はじめに
ロシア国籍のアレクセイ・オレゴヴィッチ・ヴォルコフ(Aleksey Olegovich Volkov)が、Yanluowangランサムウェア攻撃の初期アクセスブローカー(IAB)として有罪を認めることになりました。彼は2021年7月から2022年11月にかけて、少なくとも8つの米国企業を標的とした攻撃に関与していました。
事件の概要と手口
ヴォルコフは「chubaka.kor」や「nets」といったエイリアスを使用し、企業ネットワークに不正侵入した後、そのアクセス権をランサムウェアグループに販売していました。ランサムウェアグループは、このアクセスを利用して被害企業のデータを暗号化し、30万ドルから1500万ドルに及ぶ身代金をビットコインで要求していました。
捜査と証拠
FBIの捜査官は、この作戦に関連するサーバーの捜索令状を取得し、チャットログ、盗まれたデータ、被害企業のネットワーク認証情報、身代金交渉に使用されたYanluowangのメールアカウントなどの証拠を回収しました。ヴォルコフの身元は、Apple iCloudデータ、仮想通貨取引記録、および彼の電話番号とロシアのパスポートにリンクされたソーシャルメディアアカウント(Twitterアカウントを含む)を通じて特定されました。
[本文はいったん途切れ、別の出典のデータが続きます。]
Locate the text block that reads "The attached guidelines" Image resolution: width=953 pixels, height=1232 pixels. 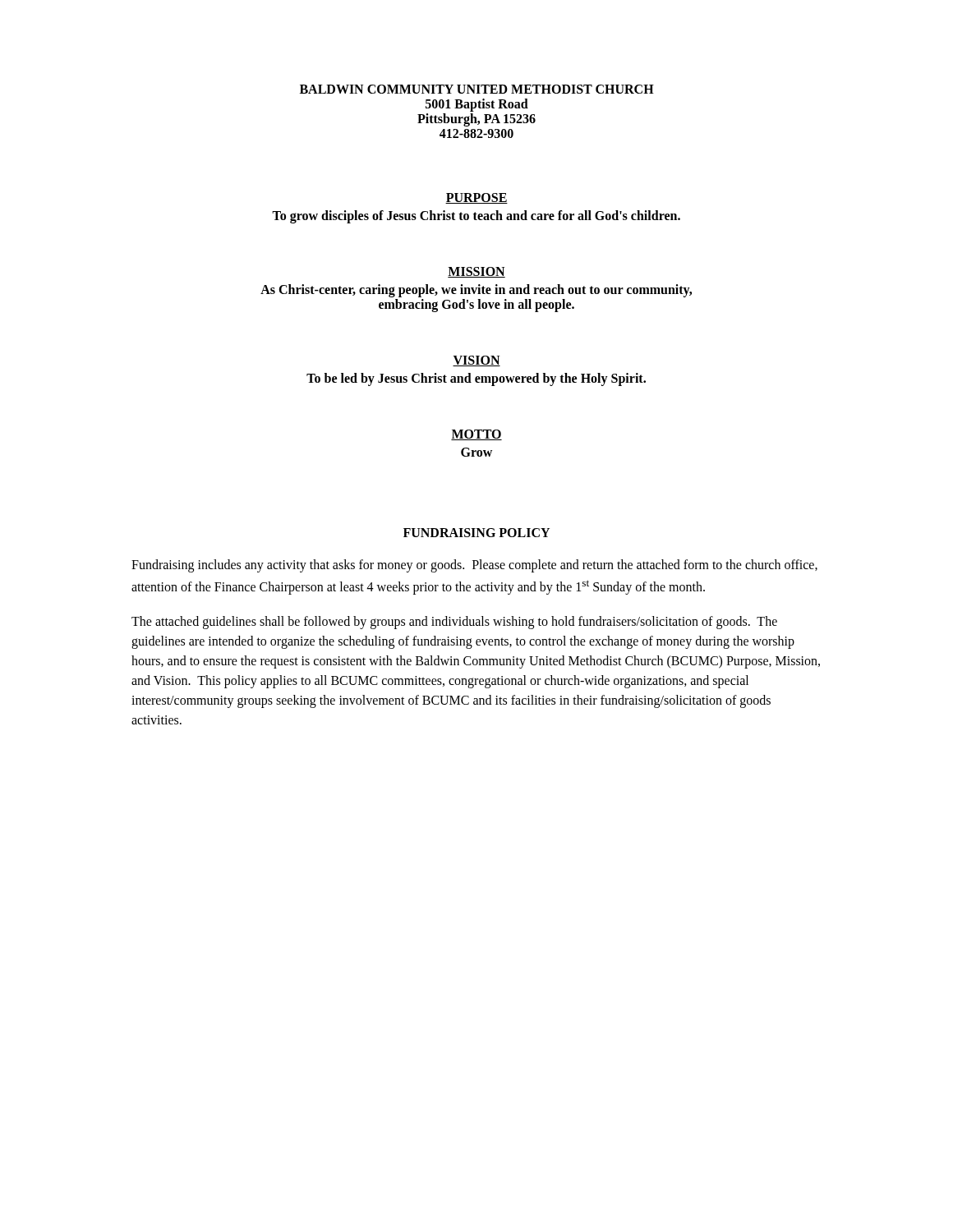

回収されたチャットログからは、ヴォルコフが共犯者「CC-1」と取引を交渉し、被害企業のネットワークへのアクセスを提供することと引き換えに、身代金の一部を受け取ることに同意していたことが明らかになりました。これらの攻撃の結果、ヴォルコフは合計150万ドルの身代金の一部を受け取っています。また、ヴォルコフのAppleアカウントから発見されたスクリーンショットには、「LockBit」というユーザーとのチャットが含まれており、悪名高いLockBitランサムウェアグループとの関連性も示唆されています。
被害と身代金
ヴォルコフは、フィラデルフィアの企業、19の米国オフィスを持つエンジニアリング会社、カリフォルニアの企業、ミシガン州の銀行、イリノイ州のビジネス、ジョージア州の企業、オハイオ州の通信プロバイダー、ペンシルベニア州東地区のビジネスなど、複数のネットワーク侵害に関与していました。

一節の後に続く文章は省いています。